*** Opening GIVEN DATA ***
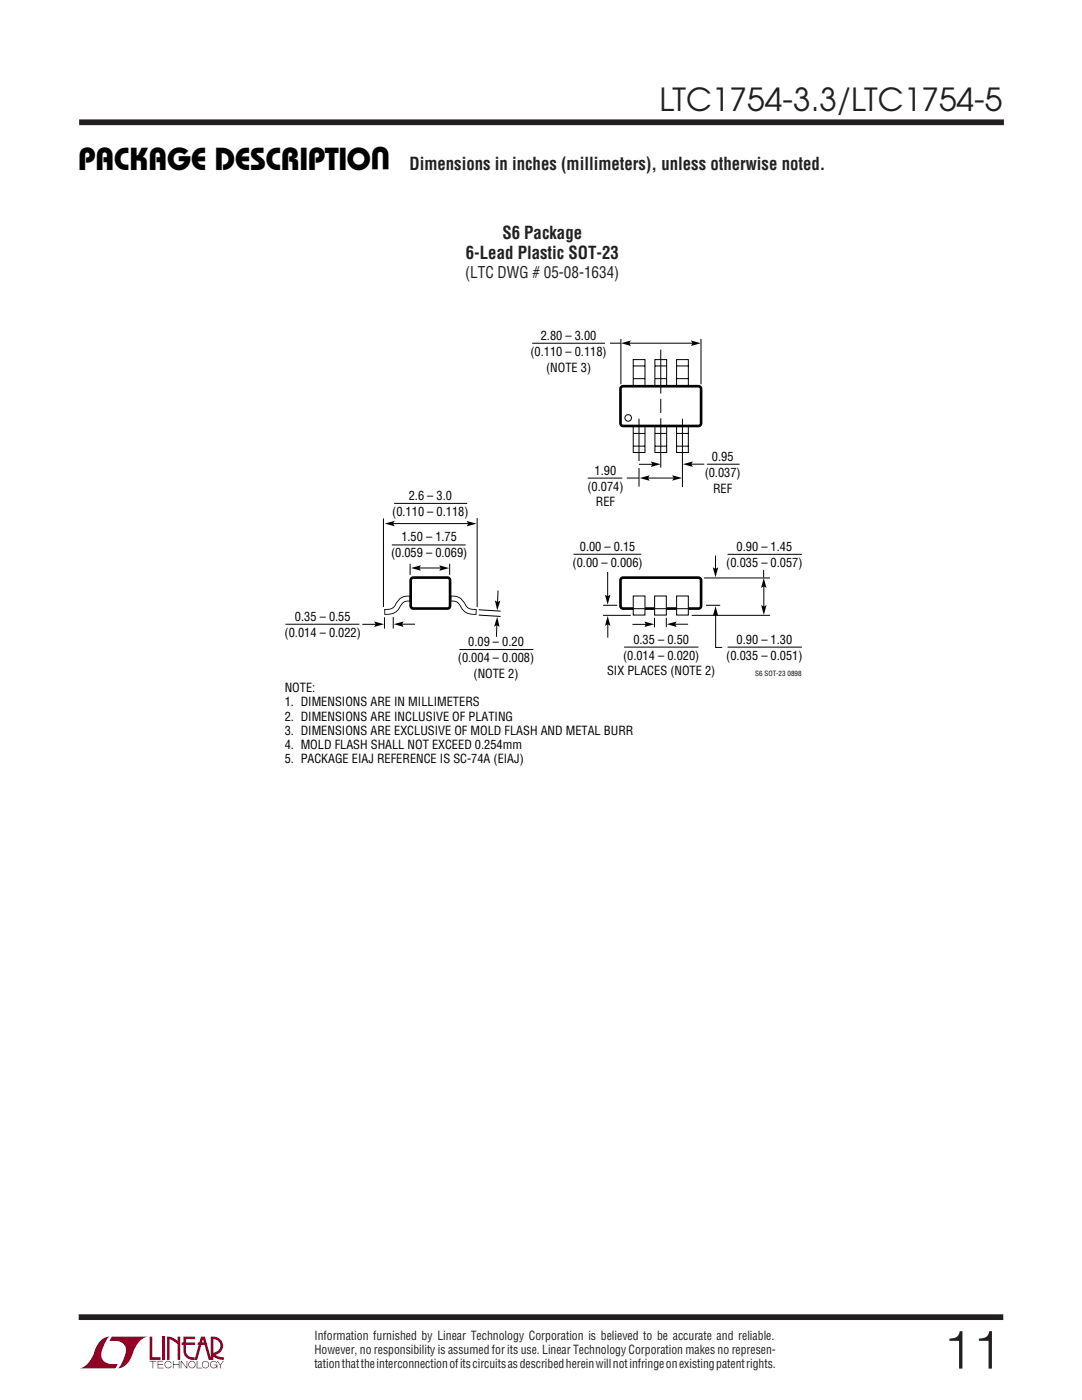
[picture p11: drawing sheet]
<svg xmlns="http://www.w3.org/2000/svg" width="216mm" height="279mm" viewBox="0 0 216 279" stroke-linecap="round" stroke-linejoin="round" font-family="sans-serif">
<defs><g id="words">
<text font-size="10.6" fill="#231f20" x="188.2" y="273.1">11</text>
<g font-size="6.4">
<text x="77.8" y="29.4" transform="rotate(-180 77.8 29.4)">U</text>
<text x="15.6" y="33.9">PACKAGE DESCRIPTION</text>
</g>
<text font-size="6.3" fill="#231f20" x="131.6" y="22.2">LTC1754-3.3/LTC1754-5</text>
<g font-size="3.5" fill="#231f20">
<text x="81.7" y="34">Dimensions in inches (millimeters), unless otherwise noted.</text>
<text x="100.2" y="47.8">S6 Package</text>
<text x="93" y="51.6">6-Lead Plastic SOT-23</text>
</g>
<text font-size="3.2" fill="#231f20" x="92.8" y="55.5">(LTC DWG # 05-08-1634)</text>
<g font-size="2.5">
<text x="105.8" y="71">(0.110 – 0.118)</text>
<text x="107.9" y="67.8">2.80 – 3.00</text>
<text x="109" y="74.2">(NOTE 3)</text>
<text x="118.7" y="94.7">1.90</text>
<text x="140.6" y="95.1">(0.037)</text>
<text x="142.1" y="92">0.95</text>
<text x="81.6" y="99.8">2.6 – 3.0</text>
<text x="117.2" y="97.9">(0.074)</text>
<text x="118.9" y="101.1">REF</text>
<text x="142.3" y="98.3">REF</text>
<text x="78.3" y="102.9">(0.110 – 0.118)</text>
<text x="78" y="111.2">(0.059 – 0.069)</text>
<text x="80.1" y="108.1">1.50 – 1.75</text>
<text x="114.3" y="113.1">(0.00 – 0.006)</text>
<text x="115.7" y="109.9">0.00 – 0.15</text>
<text x="144.9" y="113.1">(0.035 – 0.057)</text>
<text x="147" y="109.9">0.90 – 1.45</text>
<text x="58.9" y="123.9">0.35 – 0.55</text>
<text x="56.8" y="127.1">(0.014 – 0.022)</text>
<text x="93.4" y="128.9">0.09 – 0.20</text>
<text x="124.3" y="131.6">(0.014 – 0.020)</text>
<text x="126.4" y="128.5">0.35 – 0.50</text>
<text x="144.9" y="131.6">(0.035 – 0.051)</text>
<text x="147" y="128.5">0.90 – 1.30</text>
<text x="91.4" y="132.1">(0.004 – 0.008)</text>
<text x="94.5" y="135.3">(NOTE 2)</text>
<text x="121.1" y="134.8">SIX PLACES (NOTE 2)</text>
<text x="56.8" y="138.1">NOTE:</text>
<text x="56.8" y="141">1. DIMENSIONS ARE IN MILLIMETERS</text>
<text x="56.8" y="143.8">2. DIMENSIONS ARE INCLUSIVE OF PLATING</text>
<text x="56.8" y="146.6">3. DIMENSIONS ARE EXCLUSIVE OF MOLD FLASH AND METAL BURR</text>
<text x="56.8" y="149.4">4. MOLD FLASH SHALL NOT EXCEED 0.254mm</text>
<text x="56.8" y="152.3">5. PACKAGE EIAJ REFERENCE IS SC-74A (EIAJ)</text>
</g>
<g font-size="2.5" fill="#231f20">
<text x="62.7" y="267.4">Information furnished by Linear Technology Corporation is believed to be accurate and reliable.</text>
<text x="62.7" y="270.2">However, no responsibility is assumed for its use. Linear Technology Corporation makes no represen-</text>
<text x="62.7" y="273.1">tation that the interconnection of its circuits as described herein will not infringe on existing patent rights.</text>
</g>
<text font-size="1.4" x="150.7" y="134.9">S6 SOT-23 0898</text>
</g></defs>
<path d="M15.8 24.4h184.5M15.7 262.9h184.5" fill="none" stroke="#231f20" stroke-width="1.1" stroke-linecap="butt"/>
<g fill="#900126">
<path d="M29.9 266.7h.5v4.2h1.6v.5h-2.1z"/>
<path d="M19.8 267.8a2.65 2.65 0 0 1 2-1.1 5.2 5.2 0 0 0-1.5 4.2 2.65 2.65 0 0 0 3.2 1.3l-.5 .9h-7.1a5 5 0 0 0 3.1-3.9z"/>
<path d="M22.3 266.7h7.2a5 5 0 0 0-3.2 3.9 3.3 3.3 0 0 1-2.8 2.5 5.2 5.2 0 0 0 1.6-4.2 2.65 2.65 0 0 0-3.3-1.3z"/>
<path d="M32.4 266.7h.5v4.7h-.5z"/>
<path d="M33.3 266.7l1.1 .2 1 .7v-.9h.6v4.7h-.6v-3.1l-1.6-1v4.1h-.5z"/>
<path d="M29.8 271.6h1.4v.1h-.6v1.4h-.2v-1.4h-.6z"/>
<path d="M31.5 271.6h1.1v.1h-1v.6h1v.1h-1v.6h1v.1h-1.1z"/>
<path d="M34.5 271.6h.1v.7h1.1v-.7h.1v1.5h-.1v-.7h-1.1v.7h-.1z"/>
<path d="M36.1 271.6h.1l1 1.3v-1.3h.2v1.5h-.2l-1-1.3v1.3h-.1z"/>
<path d="M39.2 271.6h.2v1.4h.9v.1h-1.1z"/>
<path d="M43.3 271.6h.1l.6 .7 .5-.7h.2l-.7 .9v.6h-.1v-.6z"/>
<path d="M36.6 266.7h2.3v.6h-1.8v.6h1.8v.5h-1.8v1.2a1.35 1.35 0 0 0 1.7 1.3v.5l1.3-4.6 .8-.1 1.2 4.2v-4.2a1.88 1.88 0 0 1 2.3 1.4 1.88 1.88 0 0 1-1.4 2.3l.7 .4 1 .1v.5h-.4a3.4 3.4 0 0 1-1.9-.8v-.6a1.37 1.37 0 0 0 1.6-1.3 1.37 1.37 0 0 0-1.4-1.4v4.1h-.9l-.9-3h-1.3v-.5h1.2l-.2-.6-1.2 4.1a2.1 2.1 0 0 1-2.6-1.3l-.1-1.7h-.3v-.5h.3z"/>
<path d="M37.8 271.8a.74 .74 0 0 1 1.1 .1 .74 .74 0 0 1-.4 1.1 .74 .74 0 0 1-.9-.7h.1a.61 .61 0 0 0 .9 .6 .61 .61 0 0 0 .1-1 .61 .61 0 0 0-1 .2v.2h-.1z"/>
<path d="M40.5 271.8a.74 .74 0 0 1 1.1 .1 .74 .74 0 0 1-.4 1.1 .74 .74 0 0 1-.9-.7h.1a.61 .61 0 0 0 .9 .6 .61 .61 0 0 0 .1-1 .61 .61 0 0 0-1 .2v.2h-.1z"/>
<path d="M42.1 271.8a.74 .74 0 0 1 1.2 .3h-.1a.6 .6 0 0 0-1-.2 .6 .6 0 0 0 .1 .9 .6 .6 0 0 0 .9-.3h-.5v-.2h.7v.8h-.2v-.3a.74 .74 0 0 1-1.1 .1 .74 .74 0 0 1 0-1.1z"/>
<path d="M33 271.8a.73 .73 0 0 1 1.3 .4h-.2a.6 .6 0 0 0-.9-.4 .6 .6 0 0 0 0 1 .6 .6 0 0 0 .9-.2h.2a.74 .74 0 0 1-1.1 .4 .74 .74 0 0 1-.2-1.2z"/>
</g>
<g fill="none" stroke="#000" stroke-width=".2">
<path d="M106.2 68.5h14.5M123.9 67.7v9M124.7 68.5h13.9M126.4 71.8h2.3v5.2h-2.3zM126.4 75.6h2.3M126.4 73h2.3M130.7 71.8h2.3v5.2h-2.3zM130.7 75.6h2.3M130.7 73h2.3M131.8 69.8v23.5M135 71.8h2.3v5.2h-2.3zM135 75.6h2.3"/>
<path d="M135 73h2.3M139.9 67.7v9M117.3 95.4h6.9M125.1 95.4h2.4M126.4 85h2.3v5.3h-2.3zM126.4 86.5h2.3M126.4 89h2.3M127.5 83.6v13.5M128.4 95.4h6.2M130.7 85h2.3v5.3h-2.3zM130.7 86.5h2.3M130.7 89h2.3"/>
<path d="M135 85h2.3v5.3h-2.3zM135 86.5h2.3M135 89h2.3M136.2 83.6v13.6M137 92.6h3.5M141.1 92.6h6.5M76.5 103.5v17.6M77.5 104.5h16.1M78.2 108.8h14.7M81.8 112.5v2.2M82.8 113.4h5.7M89.7 112.5v2.2"/>
<path d="M95.2 103.4v17.8M99.4 117.8l-.2 3.3M114.4 110.6h13.6M121.3 114.1v5.8M140.5 115.3h13.2M142.8 110.9v3.6M145.2 110.6h14.8M57 124.6h14.7M72.3 124.6h3.2M79.3 124.6h3.5M91.7 129.6h14.7M99.2 123.8l-.2 3.3"/>
<path d="M120.3 122.8h5.6M120.3 120.8h2.9M121.3 124v3.3M124.5 129.1h14.9M126.2 124.6h3.2M130.6 123.3v1.9M133 123.3v1.9M133.8 124.6h3.5M138 122.8h15.7M140.9 120.8h2.8M142.8 122.1v7.1h1.3M145.2 129.1h14.8"/>
</g>
<path d="M124.1 77.1h15.5l.3 .5-.1 7.2-.4 .2-15.3-.1-.3-.4v-6.9zM82 115.5l.5-.2h7l.3 .5-.1 5.4-.4 .2h-7.1l-.3-.5zM123.9 115.5l.4-.2 15.3 .1 .3 .4-.1 5.4-.4 .3-15.3-.1-.3-.5z" fill="none" stroke="#000" stroke-width=".53"/>
<path d="M81.3 119.5a2.25 2.25 0 0 0-2 1.5 2.07 2.07 0 0 1-2 1.1M90.4 119.5a2.25 2.25 0 0 1 2.1 1.5 2.07 2.07 0 0 0 2 1.1" fill="none" stroke="#000" stroke-width="1.2"/>
<path d="M81.3 119.5a2.25 2.25 0 0 0-2 1.5 2.07 2.07 0 0 1-2 1.1M90.4 119.5a2.25 2.25 0 0 1 2.1 1.5 2.07 2.07 0 0 0 2 1.1" fill="none" stroke="#fff" stroke-width=".81"/>
<g fill="#000">
<path d="M123.9 68.5l2-.6-.3 .6 .3 .5zM137.9 68l1.9 .5-1.9 .5 .3-.5zM127.7 95.4l1.9-.5-.3 .5 .3 .5zM136.3 92.6l2-.5-.4 .5 .4 .6zM76.8 104.5l2-.6-.4 .6 .4 .5zM82 113.4l2-.6-.3 .6 .3 .5zM87.6 112.8l2 .6-2 .5 .4-.5zM93.1 104l2 .5-2 .6 .3-.6zM120.7 118.7l.6 .3 .5-.3-.5 2zM142.2 113.2l.6 .3 .5-.3-.5 2zM74.6 124l2 .6-2 .5 .4-.5zM78.6 124.6l1.9-.6-.3 .6 .3 .5z"/>
<path d="M99.2 123.1l.5 2-.6-.3-.5 .3zM98.8 119.8l.5 .4 .5-.3-.6 1.9zM121.3 122.9l.5 2-.5-.3-.6 .3zM128.6 124l1.9 .6-1.9 .5 .3-.5zM133 124.6l2-.6-.3 .6 .3 .5zM142.8 121l.5 2-.5-.4-.6 .4z"/>
</g>
<path d="M127.3 92h.4v1.3h-.4z" fill="#fff"/>
<path d="M121.7 68.5h2.2M127.5 92.7h3.2M78.6 100.5h14.6M152.4 116.9v5.1" fill="none" stroke="#000" stroke-width=".2"/>
<path d="M129.9 92.1l1.9 .5-1.9 .6 .3-.6zM134.1 94.8l2 .6-2 .5 .3-.5zM152.4 115.4l.5 1.9-.5-.3-.5 .3zM151.9 120.7l.5 .4 .6-.4-.6 2z" fill="#000"/>
<g fill="#fff" stroke="#000" stroke-width=".2">
<path d="M126.4 118.9h2.3v3.8h-2.3z"/>
<path d="M126.4 121.5h2.3z"/>
<path d="M130.6 118.9h2.4v3.8h-2.4z"/>
<path d="M130.6 121.5h2.3z"/>
<path d="M135 118.9h2.3v3.8h-2.3z"/>
<path d="M135 121.5h2.3z"/>
</g>
<g fill="none" stroke="#000" stroke-width=".2">
<path d="M152.4 113.8v1.5M76.7 123.2v2.2M78.5 123.2v2.2M95.5 121.7l4.4 .3M95.5 122.8l4.4 .2"/>
<circle cx="125.3" cy="83.4" r=".65"/>
</g>
<path d="M130.8 79.1h2.4M130.8 82.9h2.4" fill="none" stroke="#fff" stroke-width="1.1" stroke-linecap="butt"/>
<use href="#words"/>
</svg>
*** Closing GIVEN DATA ***
Show the lines above that have the word "Technology".

<text x="62.7" y="267.4">Information furnished by Linear Technology Corporation is believed to be accurate and reliable.</text>
<text x="62.7" y="270.2">However, no responsibility is assumed for its use. Linear Technology Corporation makes no represen-</text>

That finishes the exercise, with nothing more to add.